Principe de fonctionnement : Chauffe-eau solaire, principe de fonctionnement
    Le chauffe-eau solaire est un équipement thermique, composé d'un capteur, le plus souvent installé en toiture, et d'une cuve de stockage. Idéalement exposé plein sud (±45°), le capteur se charge du rayonnement solaire sur le principe de l'effet de serre, et le restitue à un fluide qui circule en boucle à l'intérieur. Ce fluide, le plus souvent de l'eau additionnée d'antigel, va alors céder ses calories à l'eau sanitaire contenue dans le préparateur solaire grâce à un échangeur en serpentin immergé dans la cuve. À la différence d'un capteur photovoltaïque qui produit de l'électricité, le chauffe-eau solaire produit donc de l'eau chaude sanitaire pour la toilette et le ménage. Il existe différents capteurs (plans ou sous vide), différentes énergies pour compléter le chauffage quand le soleil ne suffit pas (électrique ou chaudière), différentes gestions des surchauffes estivales (auto-vidangeable ou inversion de cycle) et même différentes utilisations possibles selon que l'on veut ou pas coupler l'eau chaude avec le chauffage de l'habitation (chauffe-eau solaire individuel ou système solaire combiné). À noter que le transfert de chaleur est optimisé avec un circulateur électrique spécialement adapté aux hautes températures, mais que la convection de part en part, appelée "thermosiphon", est aussi possible en veillant à placer la cuve de stockage plus haute que le capteur.

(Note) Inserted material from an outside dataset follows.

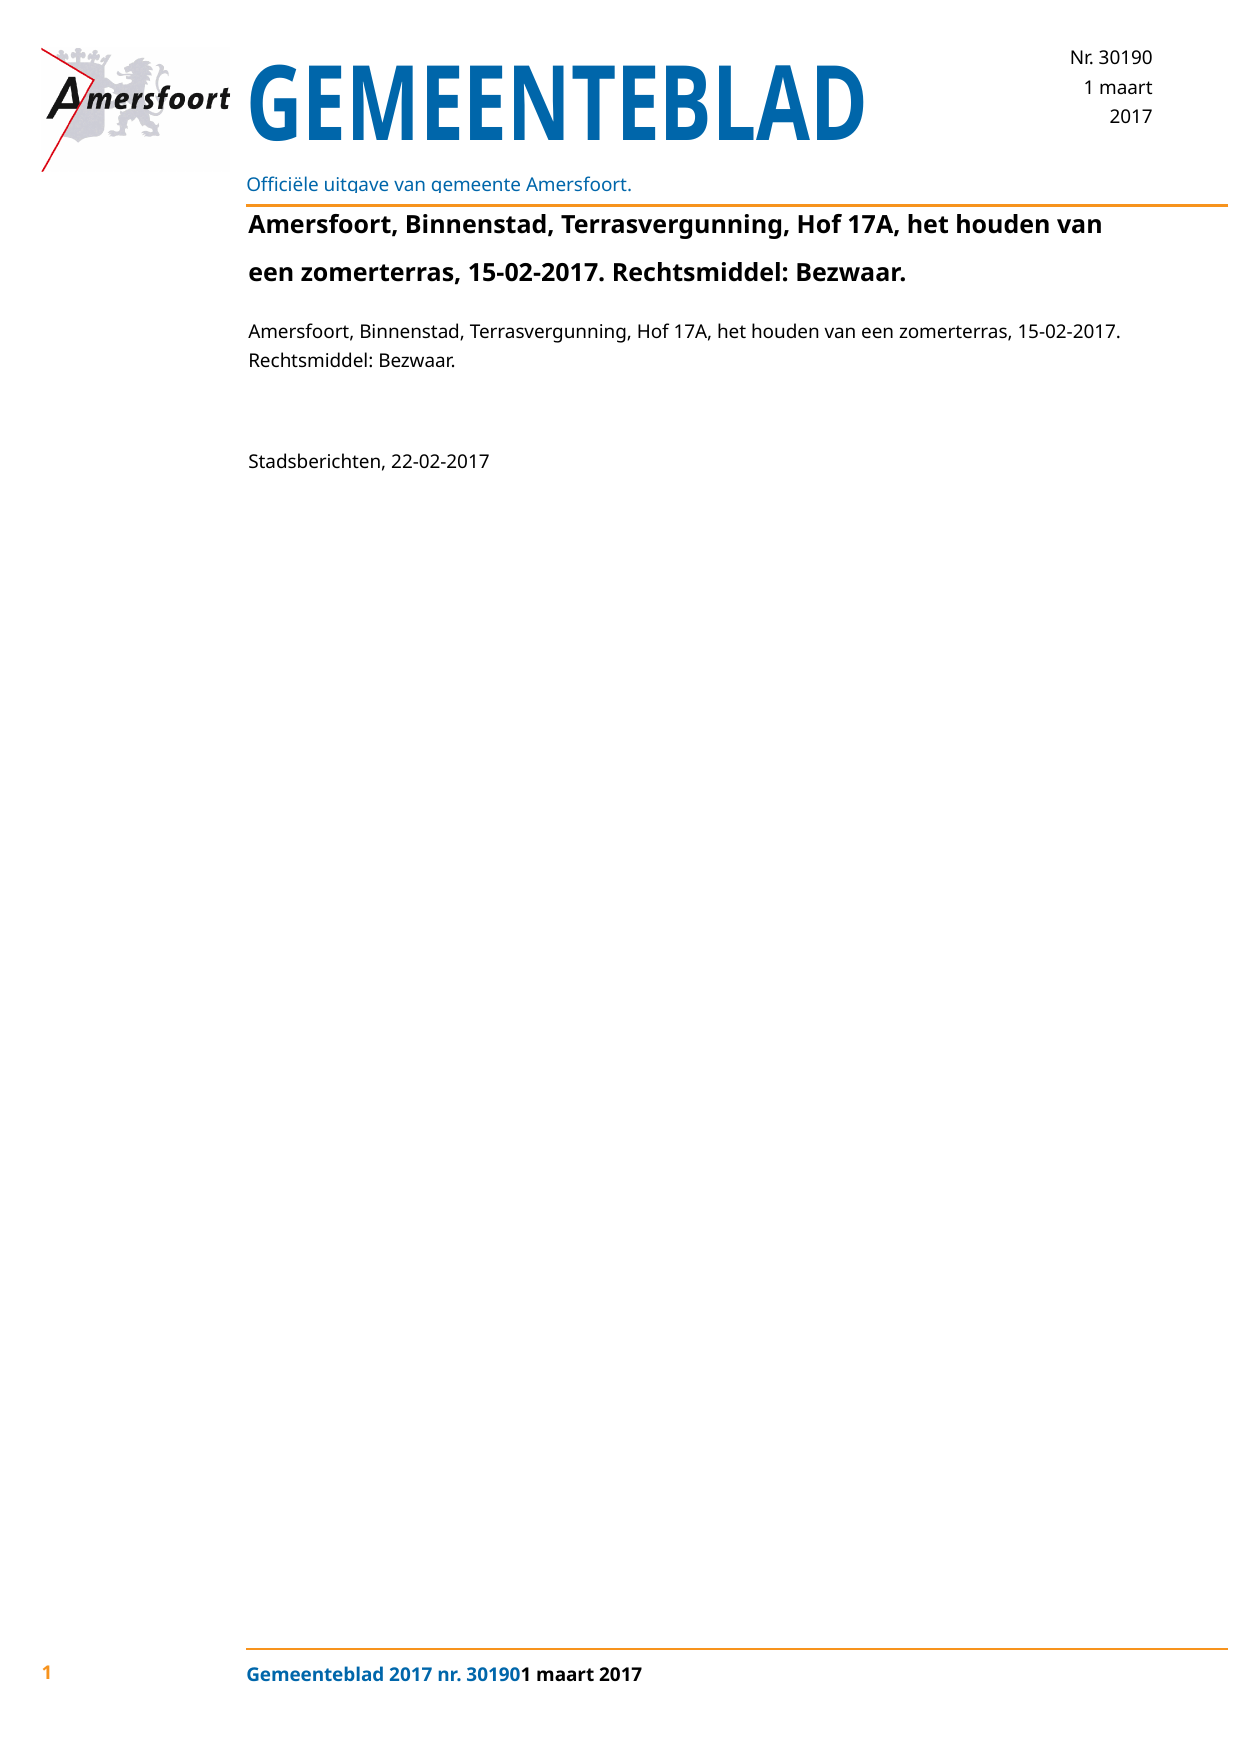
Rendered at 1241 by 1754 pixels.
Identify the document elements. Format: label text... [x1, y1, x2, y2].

Si ma maison est exposée 50° ouest et que ma toiture est inclinée de 30° par rapport à l'horizontale, suis-je toujours dans des conditions optimales ? (cf point rouge :)
Alternatives et choix éclairé :
    En construction neuve, à moins d'un gros investissement de production d'énergie renouvelable (éolienne, photovoltaïque), vous ne pourrez pas poser de chauffe-eau électrique sans risquer de dépasser les 50 kW.h/m2/an EP* imposés par la RT2012. Les seules solutions techniques possibles sont :

1) la chaudière biomasse

2) la pompe à chaleur

(1 et 2 couplant chauffage et eau chaude sanitaire)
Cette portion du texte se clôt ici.